Dans les coulisses du théâtre
« Place Colette » s’envole lorsque Nathalie Rheims évoque son lien avec le théâtre. Sa fringale des
grands classiques et sa mémoire d’éléphant l’amènent naturellement à vouloir embrasser la carrière de
comédienne. Son amour pour Pierre n’est évidemment pas étranger à ce désir ardent de brûler les
planches : ses premiers cours de théâtre pris chez Chantal, la voisine du dessus de sa copine Isabelle,
rousse précoce et pleine d’initiative, cimentent cette double épiphanie. « Le théâtre était fait pour moi,
j’en avais désormais la certitude. Une porte s’ouvrait ; si je savais la franchir, je pourrais partager
quelque chose d’essentiel avec Pierre, faire un pas vers lui pour essayer de vivre dans son monde,
peut-être même en faire partie. », écrit-elle. Les multiples allers-retours en catimini entre son
appartement bourgeois de La Madeleine et la loge de Pierre créent une connexion spatiale entre la
sphère de l’enfance et le monde sulfureux de l’adolescence tout en renforçant son admiration pour
l’univers feutré et grandiose du théâtre. Phèdre, Elvire, Roxane ou Ondine, Nathalie se montrera de
plus en plus audacieuse avec son premier amour.
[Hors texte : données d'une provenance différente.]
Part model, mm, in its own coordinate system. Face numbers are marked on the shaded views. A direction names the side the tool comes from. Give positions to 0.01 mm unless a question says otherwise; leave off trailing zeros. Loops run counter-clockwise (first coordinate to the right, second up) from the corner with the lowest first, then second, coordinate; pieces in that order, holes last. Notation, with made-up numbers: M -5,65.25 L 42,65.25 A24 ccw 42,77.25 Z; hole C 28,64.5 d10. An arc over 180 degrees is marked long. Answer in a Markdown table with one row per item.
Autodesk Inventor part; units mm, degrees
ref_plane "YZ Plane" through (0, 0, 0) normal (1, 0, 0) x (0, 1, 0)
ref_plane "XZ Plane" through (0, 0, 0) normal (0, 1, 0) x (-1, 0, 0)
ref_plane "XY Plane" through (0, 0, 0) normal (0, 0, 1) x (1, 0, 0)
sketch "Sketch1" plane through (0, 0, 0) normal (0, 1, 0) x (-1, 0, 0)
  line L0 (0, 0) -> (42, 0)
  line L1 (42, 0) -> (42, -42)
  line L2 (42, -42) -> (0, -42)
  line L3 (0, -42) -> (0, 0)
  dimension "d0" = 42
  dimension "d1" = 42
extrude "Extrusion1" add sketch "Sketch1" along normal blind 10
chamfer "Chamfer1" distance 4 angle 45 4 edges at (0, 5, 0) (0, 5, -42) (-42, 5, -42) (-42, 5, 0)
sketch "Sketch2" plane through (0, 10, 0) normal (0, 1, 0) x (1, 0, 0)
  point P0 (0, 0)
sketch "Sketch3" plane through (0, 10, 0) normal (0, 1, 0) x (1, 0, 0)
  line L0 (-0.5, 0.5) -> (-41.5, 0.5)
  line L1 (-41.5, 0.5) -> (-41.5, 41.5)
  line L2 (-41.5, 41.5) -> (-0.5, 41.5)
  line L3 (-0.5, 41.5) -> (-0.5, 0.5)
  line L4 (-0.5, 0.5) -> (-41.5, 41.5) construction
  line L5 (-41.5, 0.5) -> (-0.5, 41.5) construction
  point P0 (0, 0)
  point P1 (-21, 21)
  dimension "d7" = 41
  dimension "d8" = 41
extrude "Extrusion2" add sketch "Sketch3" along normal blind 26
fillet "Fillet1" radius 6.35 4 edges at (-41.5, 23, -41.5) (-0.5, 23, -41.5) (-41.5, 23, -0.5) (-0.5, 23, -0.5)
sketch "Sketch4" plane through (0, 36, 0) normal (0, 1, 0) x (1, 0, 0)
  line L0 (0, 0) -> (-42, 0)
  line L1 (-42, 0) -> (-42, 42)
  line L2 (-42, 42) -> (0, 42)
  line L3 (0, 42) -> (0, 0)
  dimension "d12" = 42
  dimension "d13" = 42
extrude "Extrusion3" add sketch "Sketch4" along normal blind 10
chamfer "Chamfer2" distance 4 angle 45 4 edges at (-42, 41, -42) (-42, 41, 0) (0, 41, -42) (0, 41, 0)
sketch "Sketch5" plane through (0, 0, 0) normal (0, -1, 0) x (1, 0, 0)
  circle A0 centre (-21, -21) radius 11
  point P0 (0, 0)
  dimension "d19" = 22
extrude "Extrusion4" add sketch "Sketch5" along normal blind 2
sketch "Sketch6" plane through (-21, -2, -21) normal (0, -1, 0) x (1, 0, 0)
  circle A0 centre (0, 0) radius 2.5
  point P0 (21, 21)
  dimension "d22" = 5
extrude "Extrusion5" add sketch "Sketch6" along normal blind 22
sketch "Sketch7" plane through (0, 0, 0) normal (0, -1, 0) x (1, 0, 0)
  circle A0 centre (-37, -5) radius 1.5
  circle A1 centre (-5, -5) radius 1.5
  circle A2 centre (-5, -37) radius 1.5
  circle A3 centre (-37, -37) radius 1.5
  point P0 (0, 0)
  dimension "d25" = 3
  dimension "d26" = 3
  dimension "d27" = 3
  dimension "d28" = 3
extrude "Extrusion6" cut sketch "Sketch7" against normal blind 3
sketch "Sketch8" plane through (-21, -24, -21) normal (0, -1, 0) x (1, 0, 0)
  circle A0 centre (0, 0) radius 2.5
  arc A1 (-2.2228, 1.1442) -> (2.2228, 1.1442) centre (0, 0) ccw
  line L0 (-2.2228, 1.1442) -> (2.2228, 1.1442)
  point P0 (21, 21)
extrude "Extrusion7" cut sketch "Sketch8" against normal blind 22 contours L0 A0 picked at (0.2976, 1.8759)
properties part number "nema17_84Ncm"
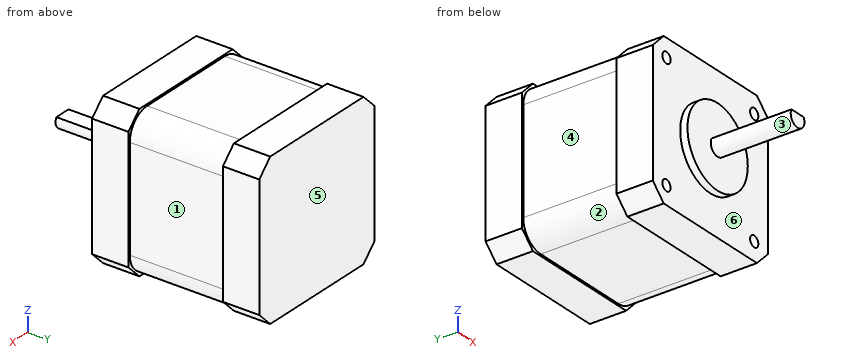
(1) Saw through at D-D (x = -8.5). Write the cut outline in (y, z).
Recorded:
| item | result |
|---|---|
| outline | M 0,-42 L 10,-42 L 10,-41.5 L 36,-41.5 L 36,-42 L 46,-42 L 46,0 L 36,0 L 36,-0.5 L 10,-0.5 L 10,0 L 0,0 Z |
(2) Which spindle directions (+Z, -Z, +X, -X, +Y, -Y) get a long thin tool onto all of the face, cutting with end or side? Do the marked faces 1, 2 and 3. Say none if no direction does.
Recorded:
| item | result |
|---|---|
| face 1 | +Z, -Z, +X |
| face 2 | -Z, -X |
| face 3 | -Y |
(3) Saw through at B-B (y = 11.5). Write the cut outline in (x, z), plus the area to 3 significant figures.
Recorded:
| item | result |
|---|---|
| outline | M -41.5,-35.15 A6.35 ccw -35.15,-41.5 L -6.85,-41.5 A6.35 ccw -0.5,-35.15 L -0.5,-6.85 A6.35 ccw -6.85,-0.5 L -35.15,-0.5 A6.35 ccw -41.5,-6.85 Z |
| area | 1,650 mm^2 |
(4) Drill centre lines: line 1 along Z through (x, y) = (-5, 1); line 2 along X through (y, z) = (31, -26); line 3 along Y through (x, z) = (-12, -33.5). Where is each one in solid material? Low to high.
Recorded:
| item | result |
|---|---|
| line 1 | z = -42 to -38.5, -35.5 to -6.5, -3.5 to 0 |
| line 2 | x = -41.5 to -0.5 |
| line 3 | y = 0 to 46 |
(5) Saw through at A-A (x = -21). Write the cut outline in (y, z).
Recorded:
| item | result |
|---|---|
| outline | M -24,-23.5 L -2,-23.5 L -2,-32 L 0,-32 L 0,-42 L 10,-42 L 10,-41.5 L 36,-41.5 L 36,-42 L 46,-42 L 46,0 L 36,0 L 36,-0.5 L 10,-0.5 L 10,0 L 0,0 L 0,-10 L -2,-10 L -2,-19.86 L -24,-19.86 Z |
(6) Pull direction Y, two halves, no side cores. Call the marked faces 4, 5 and 6: +Y half, -Y half, draft (parallel to the pull), parting line (faces both ways), or undercut.
Recorded:
| item | result |
|---|---|
| face 4 | undercut |
| face 5 | +Y half |
| face 6 | -Y half |
(7) Saw through at C-C (z = -16). Write the cut outline in (x, y), plus the area to 3 significant figures.
Recorded:
| item | result |
|---|---|
| outline | M -42,0 L -30.8,0 L -30.8,-2 L -11.2,-2 L -11.2,0 L 0,0 L 0,10 L -0.5,10 L -0.5,36 L 0,36 L 0,46 L -42,46 L -42,36 L -41.5,36 L -41.5,10 L -42,10 Z |
| area | 1,950 mm^2 |
(8) Pin check, flat tips, straight feed: pin 1 Ø13 at (y, z) = (21.5, -20.5) entering from +X; pin 2 Ø8 at (x, y) = (-18, 21.5) entering from +Z; pin 3 Ø3 at (y, z) = (-5.5, -19.5) entering from +X; pin 4 Ø5 at (y, z) = (-3, -4.5) entering from -X. Stop position of each tip, or through.
Recorded:
| item | result |
|---|---|
| pin 1 | stops at x = -0.5 |
| pin 2 | stops at z = -0.5 |
| pin 3 | stops at x = -18.5 |
| pin 4 | passes through |

Au fil des pages, on croise Isabelle Adjani, Robert Hirsch ou Michel Aumont ... Autant de légendes
vivantes brièvement convoquées mais dont la mention suffit à faire plaisir aux amateurs de théâtre. Le
dernier quart du roman marque une rupture en se centrant exclusivement sur la trajectoire artistique de
Nathalie. Son entrée dans la profession s’accompagne d’anecdotes savoureuses et l’emploi de la
première personne accentue l’empathie ressentie pour cette jeune prodige au talent confirmé par Jean
Périmony ou Michel Favory. De ses auditions pour l’ENSATT de la rue Blanche en passant par ses
premiers rôles dans « Tartuffe » monté par la directrice du Théâtre Montansier, Marcelle Tassencourt ou
« Volpone » dirigé par Jean Le Poulain, sans oublier les échanges partagés avec Maria Casarès dans
une pièce mise en scène par Jorge Lavelli, Nathalie Rheims nous plonge avec sincérité dans les
angoisses et les exaltations d’une apprentie comédienne qui aspire à se révéler au contact des plus
grands. Ces pépites théâtrales auraient sans doute mérité un traitement plus approfondi, quitte à tailler
dans les péripéties amoureuses salées entre la « petite fille » et le pseudo Humbert-Humbert.
PLACE COLETTE de Nathalie Rheims, Éditions Léo Scheer, 311 pages, 20 euros.